Hello there, I’m quite new to pytorch sorry if it is a simple mistake.
I’m trying to implement transfert learnings on a multilabel language classifier, to to that effectively I want to compute the gradient in steps. I’m using the tutorial at

Transfer Learning for Computer Vision Tutorial — PyTorch Tutorials 2.1.1+cu121 documentation
but I get the error

you can only change requires_grad flags of leaf variables. If you want to use a computed variable in a subgraph that doesn’t require differentiation use var_no_grad = var.detach().

I don’t understand how to use the then detached tensors

def loss_fn(outputs, targets):
    return torch.nn.BCEWithLogitsLoss()(outputs, targets)

optimizer = torch.optim.AdamW(params =  model.parameters(), 
                              lr=LEARNING_RATE, eps = 1e-8, 
                              weight_decay = 0.1)

def trainV2(epoch):
    model.train()
    for _,data in enumerate(training_loader, 0):
        ids = data['ids'].to(device, dtype = torch.long)
        mask = data['mask'].to(device, dtype = torch.long)
        token_type_ids = data['token_type_ids'].to(device, dtype = torch.long)
        targets = data['targets'].to(device, dtype = torch.float)
        
        outputs = model(ids, mask, token_type_ids)

        optimizer.zero_grad()
        loss = loss_fn(outputs, targets)
        if _%5000==0:
            print(f'Epoch: {epoch} , Loss:  {loss.item()}')
        
        loss.backward()
        optimizer.step()

total_steps = TRAIN_BATCH_SIZE * EPOCHS

scheduler = get_linear_schedule_with_warmup(optimizer, 
                                            num_warmup_steps = 0, # Default value in run_glue.py
                                            num_training_steps = total_steps)

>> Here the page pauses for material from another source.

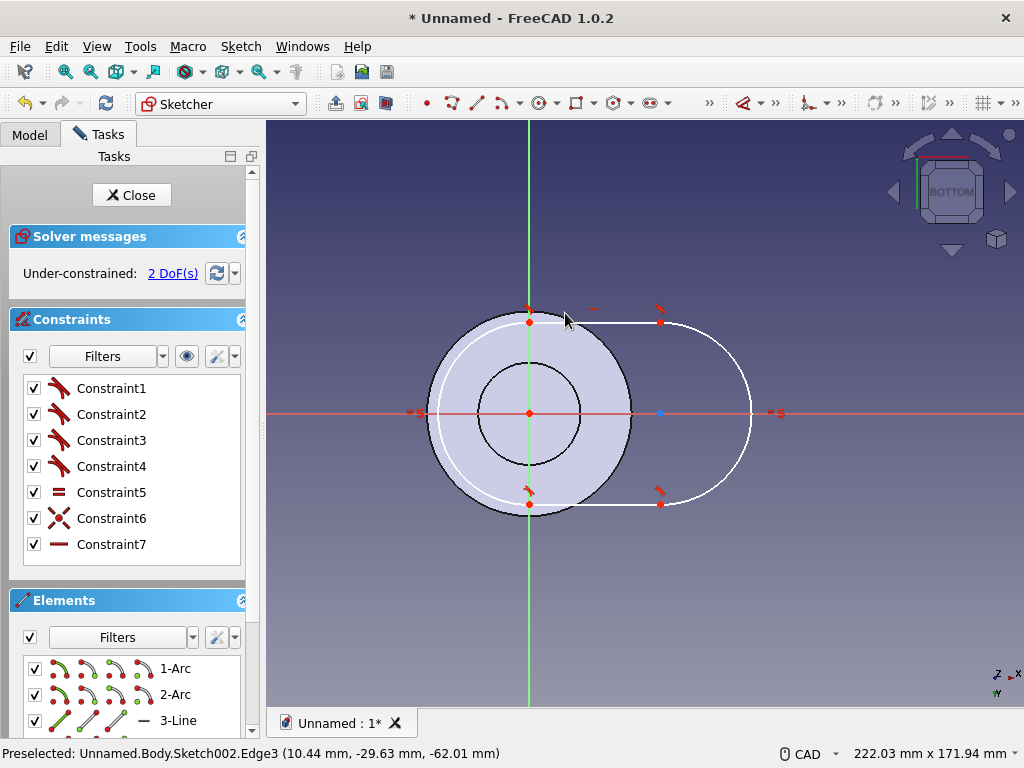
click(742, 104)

parameters = [param for param in model.parameters()]

for param in parameters:
    param.requires_grad = True

def trainSchedule(optimizer, scheduler):
        
    model.train()
    
    parameters = [param for param in model.parameters()]
    
    for param in parameters[-1][:
        param.requires_grad = False
    lr = 1e-1
    #self.learner.fit_one_cycle(1, lr, moms = (0.8, 0.7), wd = 0.1)    
    scheduler = torch.optim.lr_scheduler.OneCycleLR(optimizer = optimizer, 
                                                    epochs = 1, 
                                                    steps_per_epoch = len(training_loader), 
                                                    max_lr = lr, 
                                                    base_momentum = 0.7,
                                                    max_momentum = 0.8)

---------------------------------------------------------------------------
RuntimeError                              Traceback (most recent call last)
Input In [18], in <cell line: 1>()
----> 1 trainSchedule(optimizer, scheduler)

Input In [17], in trainSchedule(optimizer, scheduler)
     16 parameters = [param for param in model.parameters()]
     18 for param in parameters[-1]:
---> 19     param.requires_grad = False
     20 lr = 1e-1
     21 #self.learner.fit_one_cycle(1, lr, moms = (0.8, 0.7), wd = 0.1)    

RuntimeError: you can only change requires_grad flags of leaf variables. If you want to use a computed variable in a subgraph that doesn't require differentiation use var_no_grad = var.detach().